◆ **DIRECTIONS FOR THIS TASK**
Only the stretch of the listing below that runs from the line with "- humanoid robot [383,382,489,641]" through the line with "- person [576,548,689,855]" is to be printed, exactly and with both ends.

[[ DATA SUPPLIED open ]]

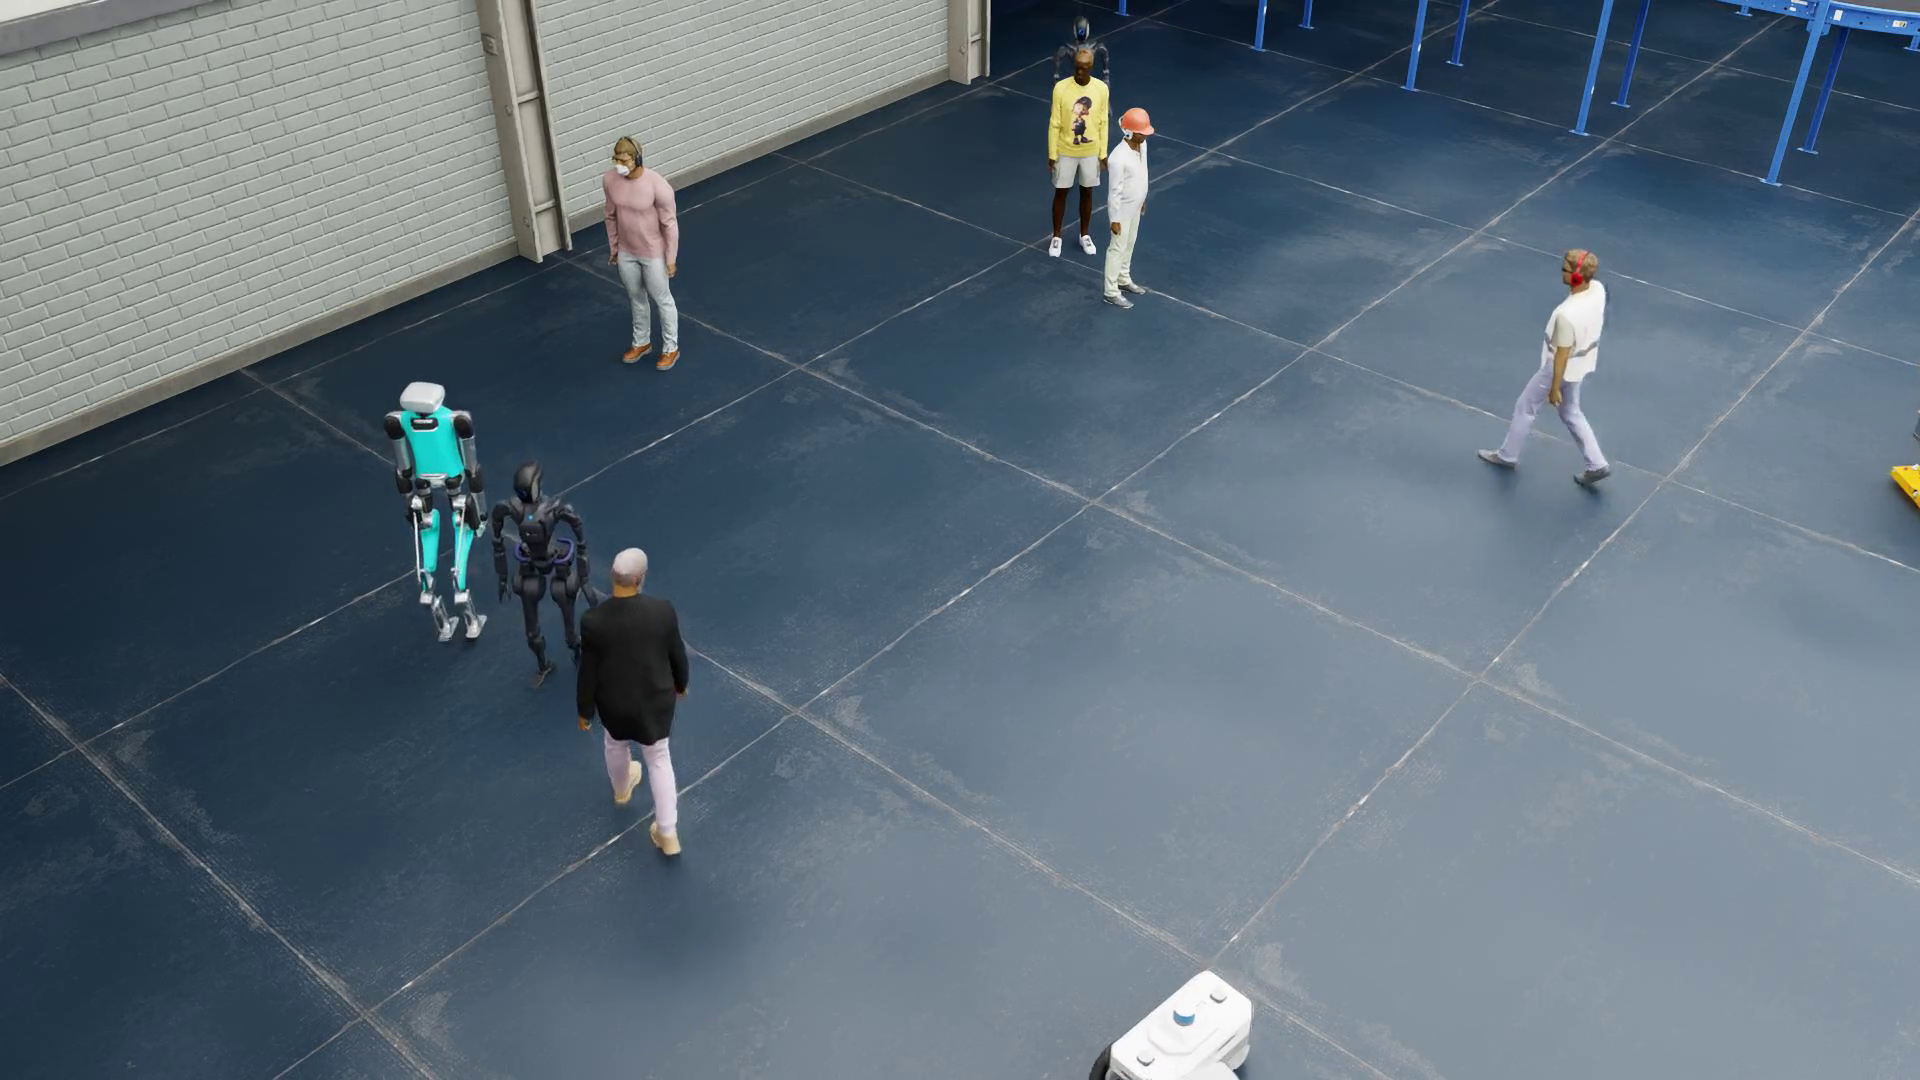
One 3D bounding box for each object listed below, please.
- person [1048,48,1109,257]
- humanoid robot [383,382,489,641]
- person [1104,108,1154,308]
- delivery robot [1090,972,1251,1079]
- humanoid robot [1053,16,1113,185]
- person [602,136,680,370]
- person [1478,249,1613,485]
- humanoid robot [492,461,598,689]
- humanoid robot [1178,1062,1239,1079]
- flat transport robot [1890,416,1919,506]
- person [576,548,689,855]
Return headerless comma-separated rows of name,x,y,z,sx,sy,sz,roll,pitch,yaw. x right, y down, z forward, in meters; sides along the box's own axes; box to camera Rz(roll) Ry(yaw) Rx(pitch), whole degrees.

[[ DATA SUPPLIED closed ]]

◆ **WRITTEN RESPONSE**
- humanoid robot [383,382,489,641]
- person [1104,108,1154,308]
- delivery robot [1090,972,1251,1079]
- humanoid robot [1053,16,1113,185]
- person [602,136,680,370]
- person [1478,249,1613,485]
- humanoid robot [492,461,598,689]
- humanoid robot [1178,1062,1239,1079]
- flat transport robot [1890,416,1919,506]
- person [576,548,689,855]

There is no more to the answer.